■ **The task**:
When you reach the line containing "2. car [917, 554, 943, 575]" in the records below, start copying exactly, and stop once you have copied the line containing "13. car [953, 566, 983, 590]".

■ **Extracted data**:
+ + + + +
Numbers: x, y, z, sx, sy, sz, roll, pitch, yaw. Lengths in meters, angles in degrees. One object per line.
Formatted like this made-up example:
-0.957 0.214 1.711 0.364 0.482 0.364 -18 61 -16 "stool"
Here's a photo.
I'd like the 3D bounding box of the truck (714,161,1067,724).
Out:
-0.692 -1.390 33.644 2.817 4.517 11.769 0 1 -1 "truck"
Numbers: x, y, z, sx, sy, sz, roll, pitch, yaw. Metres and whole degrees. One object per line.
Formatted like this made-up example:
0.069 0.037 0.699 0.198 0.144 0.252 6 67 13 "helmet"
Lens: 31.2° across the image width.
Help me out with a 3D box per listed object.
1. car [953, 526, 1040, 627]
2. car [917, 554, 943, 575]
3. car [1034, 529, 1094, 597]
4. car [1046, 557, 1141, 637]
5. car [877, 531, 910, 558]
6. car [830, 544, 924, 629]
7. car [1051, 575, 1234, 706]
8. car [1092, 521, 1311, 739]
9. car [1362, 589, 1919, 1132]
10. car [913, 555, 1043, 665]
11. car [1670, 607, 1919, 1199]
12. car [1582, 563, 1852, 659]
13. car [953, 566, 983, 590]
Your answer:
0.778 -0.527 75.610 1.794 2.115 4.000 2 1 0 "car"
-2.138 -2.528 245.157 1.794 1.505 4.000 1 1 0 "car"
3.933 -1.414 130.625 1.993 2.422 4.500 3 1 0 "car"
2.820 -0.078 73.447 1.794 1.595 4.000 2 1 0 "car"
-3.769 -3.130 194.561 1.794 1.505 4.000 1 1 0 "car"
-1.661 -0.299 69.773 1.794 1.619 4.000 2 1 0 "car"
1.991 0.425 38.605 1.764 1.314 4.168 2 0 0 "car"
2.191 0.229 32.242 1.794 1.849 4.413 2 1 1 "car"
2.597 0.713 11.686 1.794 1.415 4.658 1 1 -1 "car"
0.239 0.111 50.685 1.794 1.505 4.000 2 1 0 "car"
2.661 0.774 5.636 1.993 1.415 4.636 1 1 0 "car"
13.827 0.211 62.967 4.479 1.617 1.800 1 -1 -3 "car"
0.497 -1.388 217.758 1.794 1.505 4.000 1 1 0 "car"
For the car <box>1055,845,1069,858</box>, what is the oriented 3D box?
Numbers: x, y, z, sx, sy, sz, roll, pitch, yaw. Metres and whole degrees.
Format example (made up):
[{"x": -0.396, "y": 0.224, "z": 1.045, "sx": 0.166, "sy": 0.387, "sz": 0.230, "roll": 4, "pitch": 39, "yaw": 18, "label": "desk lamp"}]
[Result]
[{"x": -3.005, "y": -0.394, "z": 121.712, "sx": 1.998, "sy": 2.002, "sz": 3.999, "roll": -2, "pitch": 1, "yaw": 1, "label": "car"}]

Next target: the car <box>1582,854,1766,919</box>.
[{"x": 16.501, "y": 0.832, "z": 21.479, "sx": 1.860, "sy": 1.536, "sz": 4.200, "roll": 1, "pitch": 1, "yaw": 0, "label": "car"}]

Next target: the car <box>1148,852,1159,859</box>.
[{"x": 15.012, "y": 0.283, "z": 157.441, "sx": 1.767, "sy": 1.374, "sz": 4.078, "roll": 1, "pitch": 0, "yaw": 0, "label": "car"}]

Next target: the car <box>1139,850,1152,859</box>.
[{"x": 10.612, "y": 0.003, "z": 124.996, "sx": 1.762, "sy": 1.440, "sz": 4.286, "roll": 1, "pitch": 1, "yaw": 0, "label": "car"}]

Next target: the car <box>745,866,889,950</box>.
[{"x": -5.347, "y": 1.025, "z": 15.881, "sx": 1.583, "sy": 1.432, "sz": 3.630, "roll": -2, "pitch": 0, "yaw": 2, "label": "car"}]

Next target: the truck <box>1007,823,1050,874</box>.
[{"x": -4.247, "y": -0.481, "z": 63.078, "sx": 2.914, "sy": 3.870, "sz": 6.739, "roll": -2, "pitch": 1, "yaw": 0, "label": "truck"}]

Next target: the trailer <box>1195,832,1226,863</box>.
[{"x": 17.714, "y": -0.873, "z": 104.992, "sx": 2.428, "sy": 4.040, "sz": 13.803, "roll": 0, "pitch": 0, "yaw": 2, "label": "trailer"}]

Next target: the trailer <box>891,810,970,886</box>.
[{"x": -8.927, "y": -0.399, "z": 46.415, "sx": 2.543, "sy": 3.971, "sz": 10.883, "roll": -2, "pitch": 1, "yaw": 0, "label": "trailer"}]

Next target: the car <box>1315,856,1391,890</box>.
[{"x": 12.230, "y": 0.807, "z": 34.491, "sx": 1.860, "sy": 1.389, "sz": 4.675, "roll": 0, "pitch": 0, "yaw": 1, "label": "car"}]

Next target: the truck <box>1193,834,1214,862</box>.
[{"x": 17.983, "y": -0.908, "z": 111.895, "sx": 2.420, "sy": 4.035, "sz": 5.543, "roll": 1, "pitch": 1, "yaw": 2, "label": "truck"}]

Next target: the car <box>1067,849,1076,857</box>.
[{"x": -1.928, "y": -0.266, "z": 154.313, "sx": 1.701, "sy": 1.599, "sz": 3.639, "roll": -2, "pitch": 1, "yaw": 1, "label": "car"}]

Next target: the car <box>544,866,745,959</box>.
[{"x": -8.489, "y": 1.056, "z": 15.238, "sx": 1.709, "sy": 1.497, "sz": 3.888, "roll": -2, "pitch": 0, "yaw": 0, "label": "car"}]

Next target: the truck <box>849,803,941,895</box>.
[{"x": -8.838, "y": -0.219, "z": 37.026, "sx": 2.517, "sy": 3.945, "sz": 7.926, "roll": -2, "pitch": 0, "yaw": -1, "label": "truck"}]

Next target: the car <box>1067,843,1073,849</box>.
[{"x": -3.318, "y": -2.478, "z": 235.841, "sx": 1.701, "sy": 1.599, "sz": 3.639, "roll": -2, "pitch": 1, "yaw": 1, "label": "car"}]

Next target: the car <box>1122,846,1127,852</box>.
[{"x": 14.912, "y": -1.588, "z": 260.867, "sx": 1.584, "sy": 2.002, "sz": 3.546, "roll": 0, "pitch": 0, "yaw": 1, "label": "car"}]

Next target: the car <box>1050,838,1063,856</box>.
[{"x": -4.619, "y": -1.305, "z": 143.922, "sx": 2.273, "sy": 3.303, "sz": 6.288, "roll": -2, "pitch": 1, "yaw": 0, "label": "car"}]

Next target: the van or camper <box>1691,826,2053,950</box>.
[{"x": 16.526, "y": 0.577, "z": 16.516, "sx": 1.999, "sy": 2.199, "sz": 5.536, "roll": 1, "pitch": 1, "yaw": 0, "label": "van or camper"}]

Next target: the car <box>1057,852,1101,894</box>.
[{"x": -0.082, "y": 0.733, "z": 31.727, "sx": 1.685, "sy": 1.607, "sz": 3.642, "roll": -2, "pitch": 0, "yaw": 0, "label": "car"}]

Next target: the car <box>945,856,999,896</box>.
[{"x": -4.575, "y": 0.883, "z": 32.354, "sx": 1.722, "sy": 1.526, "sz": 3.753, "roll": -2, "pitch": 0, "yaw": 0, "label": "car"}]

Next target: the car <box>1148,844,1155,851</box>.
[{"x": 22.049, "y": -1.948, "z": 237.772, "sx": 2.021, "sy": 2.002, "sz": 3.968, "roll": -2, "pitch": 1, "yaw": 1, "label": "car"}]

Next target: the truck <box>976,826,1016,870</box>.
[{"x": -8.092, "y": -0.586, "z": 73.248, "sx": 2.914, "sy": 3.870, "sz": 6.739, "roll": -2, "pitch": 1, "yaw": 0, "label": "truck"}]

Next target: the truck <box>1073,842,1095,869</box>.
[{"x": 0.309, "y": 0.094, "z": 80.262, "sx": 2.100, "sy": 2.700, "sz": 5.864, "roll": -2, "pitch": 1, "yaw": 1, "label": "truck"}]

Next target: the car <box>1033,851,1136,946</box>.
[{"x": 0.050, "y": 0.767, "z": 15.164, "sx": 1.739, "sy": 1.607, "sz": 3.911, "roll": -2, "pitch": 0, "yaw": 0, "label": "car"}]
+ + + + +
■ **Exercise solution**:
2. car [917, 554, 943, 575]
3. car [1034, 529, 1094, 597]
4. car [1046, 557, 1141, 637]
5. car [877, 531, 910, 558]
6. car [830, 544, 924, 629]
7. car [1051, 575, 1234, 706]
8. car [1092, 521, 1311, 739]
9. car [1362, 589, 1919, 1132]
10. car [913, 555, 1043, 665]
11. car [1670, 607, 1919, 1199]
12. car [1582, 563, 1852, 659]
13. car [953, 566, 983, 590]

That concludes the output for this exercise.